Лиза пережила Олега на двадцать два года.
Двадцать два года она хранила память о нем. Без истерик. Без кликушества. Без надрыва. Без работы на публику.
Она просто любила его. Как будто тот не умер. Ее любовь к нему была тихой, сдержанной, строгой, живой, теплой, деликатной.
Лиза никогда и нигде не тусовалась. Не искала нужных знакомств. Не играла роль безутешной вдовы. А последнее время почти не выходила из дома.
Но когда приходила на могилу Олега, всегда встречала там людей. Как-то сказала мне: «Знаешь, люди Олега не отпустили».
Однажды к ней на кладбище подошла незнакомая девушка и спросила: «А вы знаете, что у Олега Меньшикова Олег Даль — самый любимый актер? И огромный портрет Даля висит в рабочем кабинете Меньшикова».
Лиза, естественно, этого не знала.
А потом Лизе и Лиле Бернес (вдове Марка Бернеса) позвонили как-то перед Новым годом и предупредили, что сейчас к ним в гости придет Дед Мороз. «Вы просто сядьте за стол, — сказали на том конце провода, — и ждите».
Лиза, смеясь, вспоминала: «И вот мы сидим и говорим друг другу, какие мы дуры, старые дуры, ждем чуда. А придет пьяный Дед Мороз, будет тут икать…».
Звонок в дверь. На пороге стоит Олег Меньшиков. С двумя огромными букетами. Принес с собой еду, выпивку. Подарил какой-то небесной красоты подарки. Сидел долго. (Мобильник выключил.) Говорил. Слушал. Был очень смущен. Шепнул на ухо Лизе: «Для меня Олег Даль — недостижимый идеал».
Потом приглашал на свои премьеры.
Лиза сказала мне: «Знаешь, когда я призналась в этом Мише Козакову, с которым выросла в одном питерском доме, Миша мне не поверил. Я, говорит, Меньшикова очень люблю, но он из тех, кто сохраняет прохладность. У него — пресс-секретари, референты, обслуга.

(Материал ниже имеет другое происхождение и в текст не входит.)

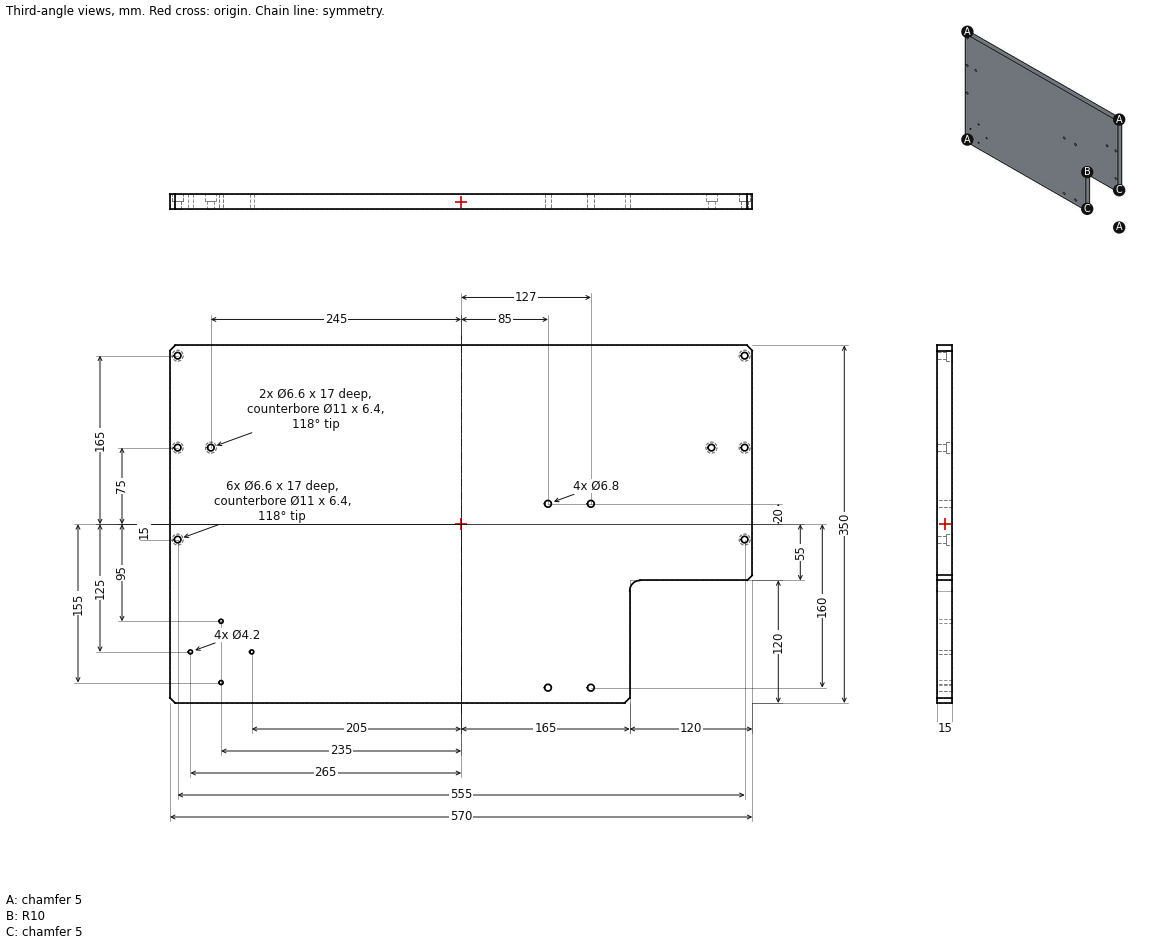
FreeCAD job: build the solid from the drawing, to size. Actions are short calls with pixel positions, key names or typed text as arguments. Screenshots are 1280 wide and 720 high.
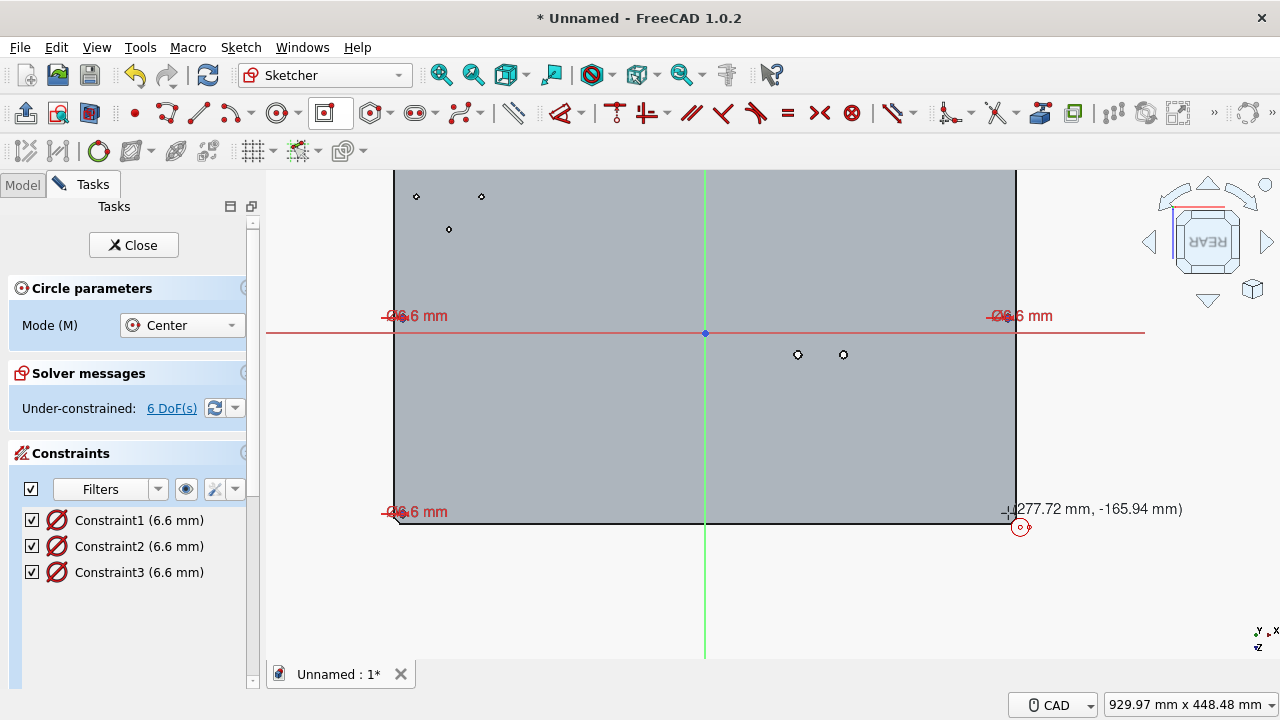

Невозможно дозвониться. Он всегда далеко, высоко. А тут… Значит, и его Даль не отпускает. Хотя эти Олеги друг друга в глаза не видели».
Иногда прошлое теряет смысл задолго до того, как кончается.
А есть такое прошлое, которое никуда не девается.
Я теперь знаю: благодаря встрече совпадают, сходятся вместе очень разные вещи. Такие, которые невозможно было бы ни соединить, ни предугадать.
Когда-то моя младшая сестра Тамара, работая в Краснодарском бюро кинопропаганды, «выбила» для Олега Даля творческую командировку. На встречу с кубанскими зрителями.
Это был, кажется, 1978 год. Олегу Далю запретили общаться с народом. Потому что он говорил на этих встречах то, что думал, а не то, что надо было.
Короче, Томке стоило огромных трудов добиться разрешения. Даль приехал в Краснодар. Они подружились. А потом, уже после смерти Даля, мою сестру в Краснодаре нашел Александр Иванов, один из составителей сборника воспоминаний об Олеге Дале. Саша записал Томкины воспоминания. Говорят, Лиза плакала, их читая.
Через Томку и Сашу я и познакомилась с Лизой Даль и Ольгой Борисовной Эйхенбаум. Это было ровно десять лет назад. В 1993 году.
А два года назад моя сестра попала в больницу. И когда Томку только-только привезли с операции в реанимацию, на мобильник ей позвонила Лиза Даль. Вернее, Лиза думала, что звонит мне. Но, узнав, что это Тома и она в больнице, Лиза как-то вмиг собралась и наговорила Томке таких слов, что… высвободилось вдруг пространство в душе. И у Томки, и у меня высвободилось. Понимаете?
Ни до этого дня, ни после Лиза никогда мне не звонила. А тут ее будто толкнуло. Олег ведь был очень ответственным. До щепетильности.